Sketches by Boz Illustrative of Every-day Life and Every-Day People (1877), middle of page 143. Wood-engraving; 4 ⅛ by 5 ⅛ inches (10 cm high by 13 cm wide), framed. The article later entitled "The Last Cab-Driver, and the First Omnibus Cad," originally appeared as one of the first in what would prove Sketches by Boz, Illustrative of Every-day Life and Every-Day People (1836, 1839). "The Last Cab-driver, and the First Omnibus Cad" appeared in the periodical Bell's Life in London on 29 November 1835 as "Scenes and Characters No. 6. Some Account of an Omnibus Cad," a conductor named William Barker.
in Chapter XVII of "Scenes" in Dickens'sScanned image, colour correction, sizing, caption, and commentary by Philip V. Allingham. [You may use this image without prior permission for any scholarly or educational purpose, as long as you (1) credit the person who scanned the image, and (2) link your document to this URL in a web document or cite the Victorian Web in a print one.]
Passage Illustrated: Cabriolet Driving without due Care and Attention
We are not aware of any instance on record in which a cab-horse has performed three consecutive miles without going down once. What of that? It is all excitement. And in these days of derangement of the nervous system and universal lassitude, people are content to pay handsomely for excitement; where can it be procured at a cheaper rate?
But to return to the red cab; it was omnipresent. You had but to walk down Holborn, or Fleet-street, or any of the principal thoroughfares in which there is a great deal of traffic, and judge for yourself. You had hardly turned into the street, when you saw a trunk or two, lying on the ground: an uprooted post, a hat-box, a portmanteau, and a carpet-bag, strewed about in a very picturesque manner: a horse in a cab standing by, looking about him with great unconcern; and a crowd, shouting and screaming with delight, cooling their flushed faces against the glass windows of a chemist’s shop. — "What's the matter here, can you tell me?" — "O'ny a cab, sir." — "Anybody hurt, do you know?" — "O'ny the fare, sir.
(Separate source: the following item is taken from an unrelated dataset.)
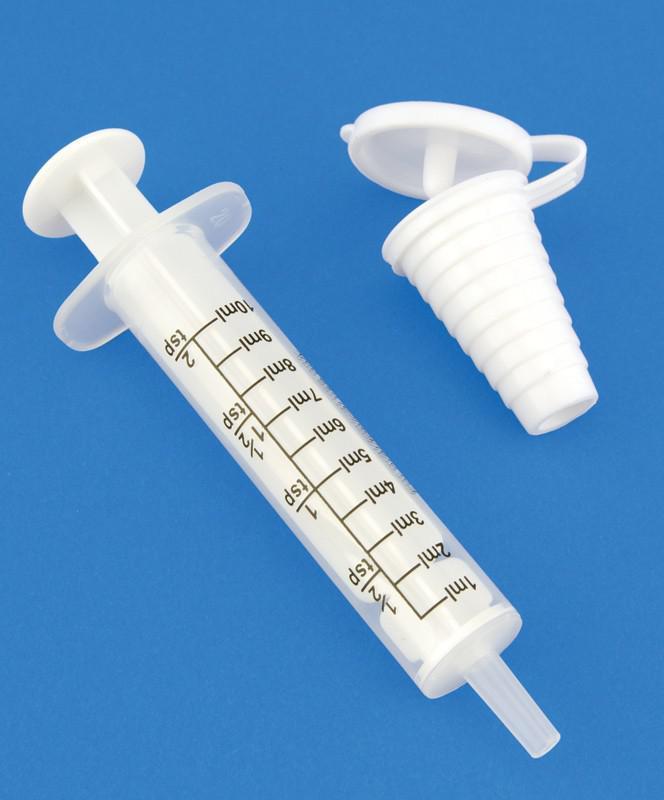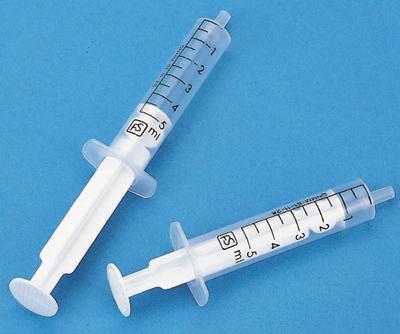The first image is the image on the left, the second image is the image on the right. Analyze the images presented: Is the assertion "Left image shows exactly one syringe-type item, with a green plunger." valid? Answer yes or no. No. The first image is the image on the left, the second image is the image on the right. For the images shown, is this caption "There is a single green syringe in the left image" true? Answer yes or no. No. 
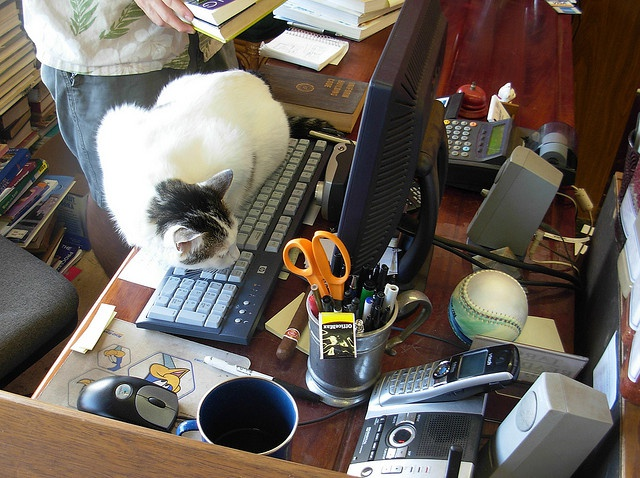Describe the objects in this image and their specific colors. I can see cat in gray, white, beige, and darkgray tones, tv in gray, black, maroon, and navy tones, people in gray, lightgray, and darkgray tones, keyboard in gray, black, lightblue, and darkblue tones, and chair in gray and black tones in this image.

I see him a turnin’ the corner, and I ses to another gen’lm’n “that's a reg'lar little oss that, and he's a comin' along rayther sweet, an’t he?" — "He just is,” ses the other gen’lm’n, ven bump they cums agin the post, and out flies the fare like bricks." Need we say it was the red cab; or that the gentleman with the straw in his mouth, who emerged so coolly from the chemist's shop and philosophically climbing into the little dickey, started off at full gallop, was the red cab's licensed driver? ["Scenes," Chapter XVII, "The Last Cab Driver and the First Omnibus Cad," p. 134]
Commentary: Of Cabs and Omnibuses
Robert Seymour's The Pugnacious Cabman from Pickwick (1836).
Although George Cruikshank, Dickens's original illustrator for Sketches by Boz, forty years earlier caricatured the peculiar cab driver (an actual London cabbie), both Fred Barnard in the British Household Edition and A. B. Frost in the American edition have offered far more kinetic and realistic responses to Dickens's text. Whereas Cruikshank had provided a static portrait of the driver and his vehicle in a London street, the later illustrators have chosen far more dynamic moments. Whereas Barnard depicts a fight about to break out, Frost depicts the crash in which the unfortunate passenger flies forward out of the cab and the driver is being thrown forward. However, in his manner of depicting the accident without an observer or reporter, Frost creates a dissonance between the textual, first-person account in a Cockney accent (assimilated by the commentator on London life, Boz), and the image. Dickens relates the incident from within the personality of the observer, and then adds dialogue with another person, whereas the illustration moves us much closer to the accident than Dickens's distancing, humorous prose would allow. Frost's illustration, compared to Cruikshank's, is full of energy as he realistically describes the plight of the terrified horse and the overturned carriage. Whereas Dickens's narrator makes the accident seem comical, Frost takes the accident seriously: the horse, driver, and passenger could all be seriously injured, and in the case of the horse if it were to incur grievous injury it would certainly have to be put down. This is one of those cases, like the images of the romantic shipwrecks, where the medium becomes the message to an important extent: the emotional temperature of the image and narrative differ significantly, though in a way opposite that of shipwrecks and other disasters, which often present them from within, whereas the accident in the present image conveys the experience from without. Here Dickens has chosen to take a comical, distanced approach to an event that is no laughing matter because this cab mishap may entail both injury and loss of life.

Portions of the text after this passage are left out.